#### What you need to do
Your answer must be the lines from the one containing "Given: Point to" through the last line below, copied exactly, with no pictures.

Data excerpts:
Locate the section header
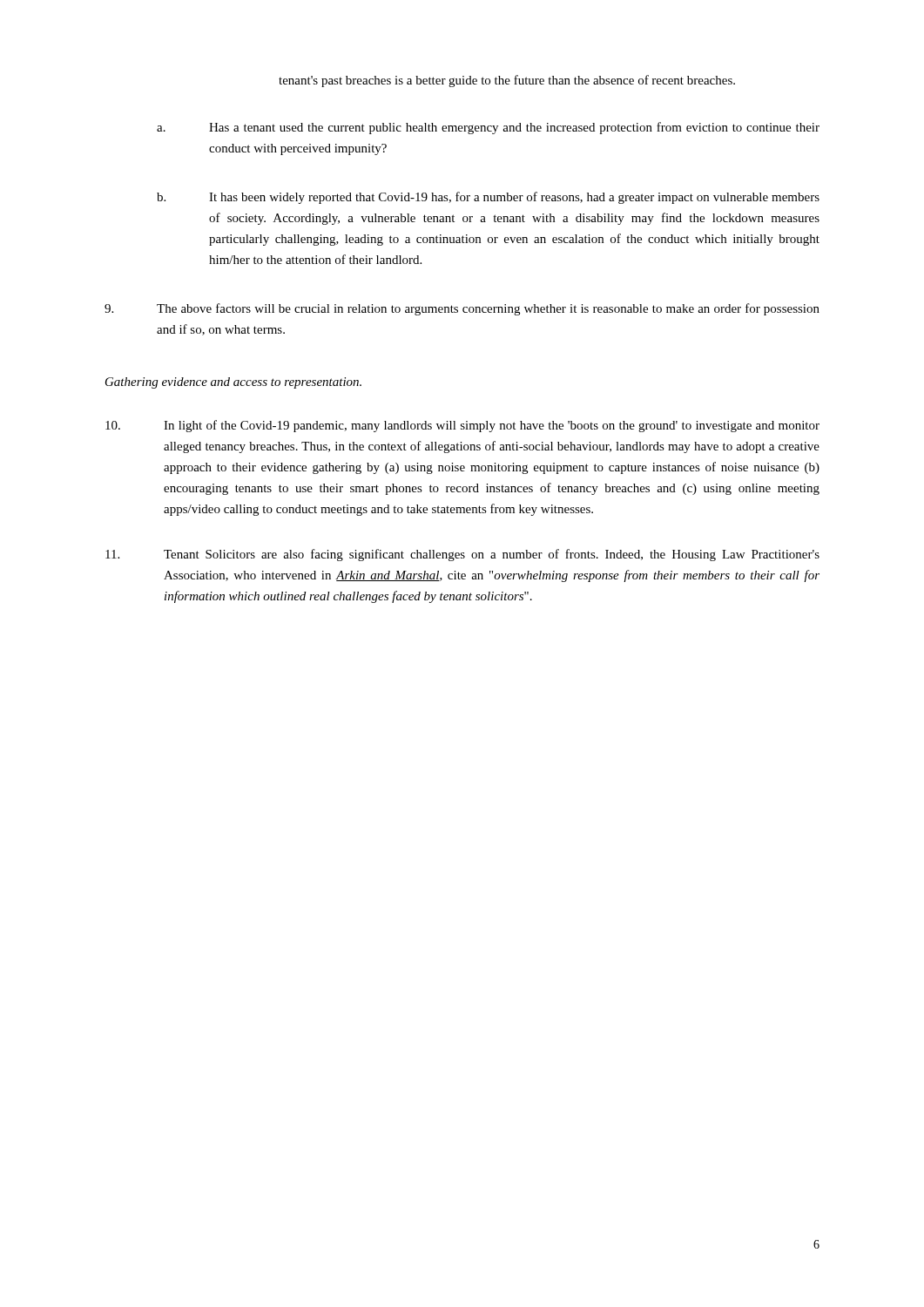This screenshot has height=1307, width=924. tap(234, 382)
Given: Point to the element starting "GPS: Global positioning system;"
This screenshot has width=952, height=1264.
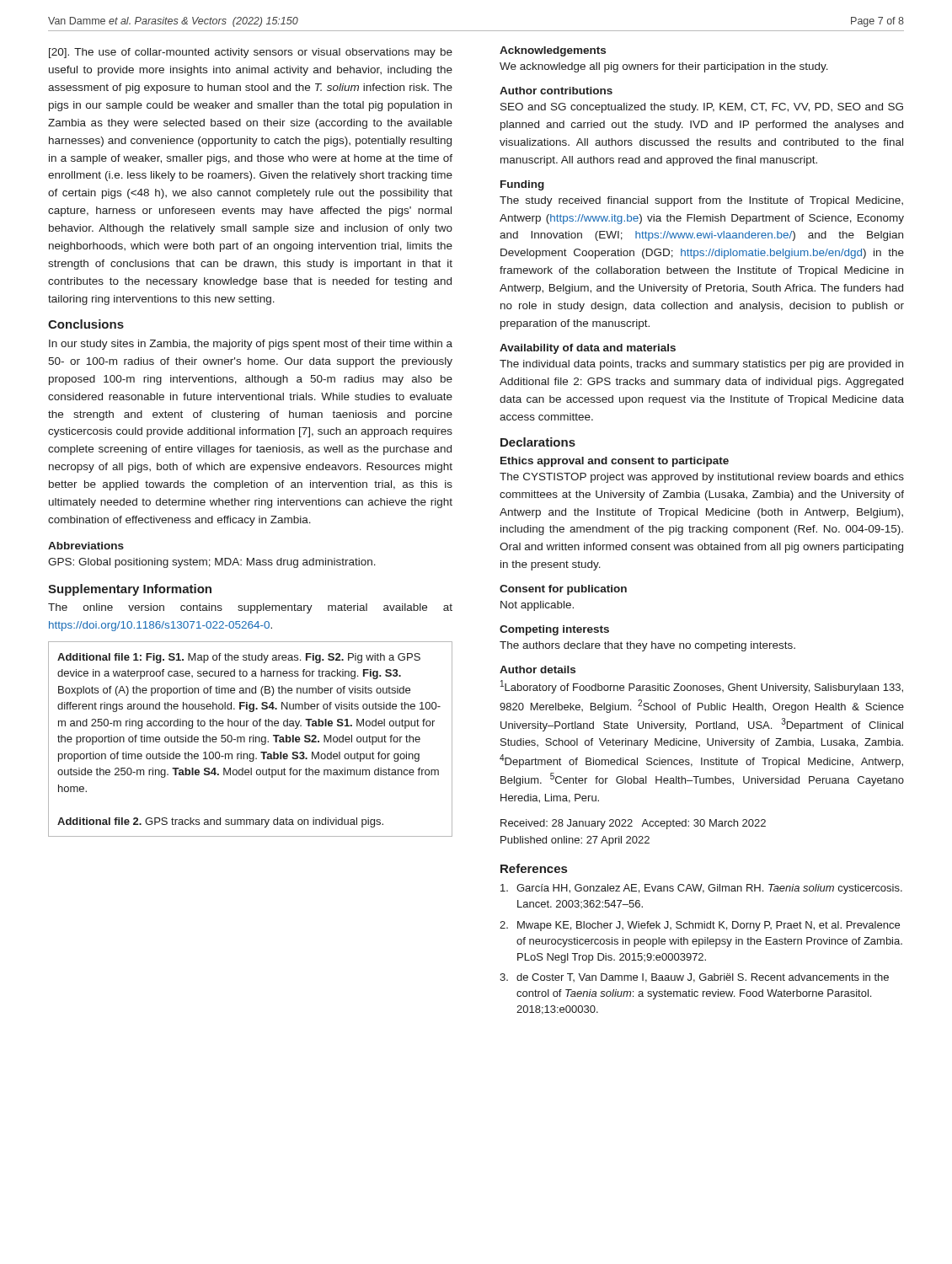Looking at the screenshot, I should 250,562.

#### Written response
Given: Point to the element starting "GPS: Global positioning system;"
This screenshot has width=952, height=1264.
Looking at the screenshot, I should 250,562.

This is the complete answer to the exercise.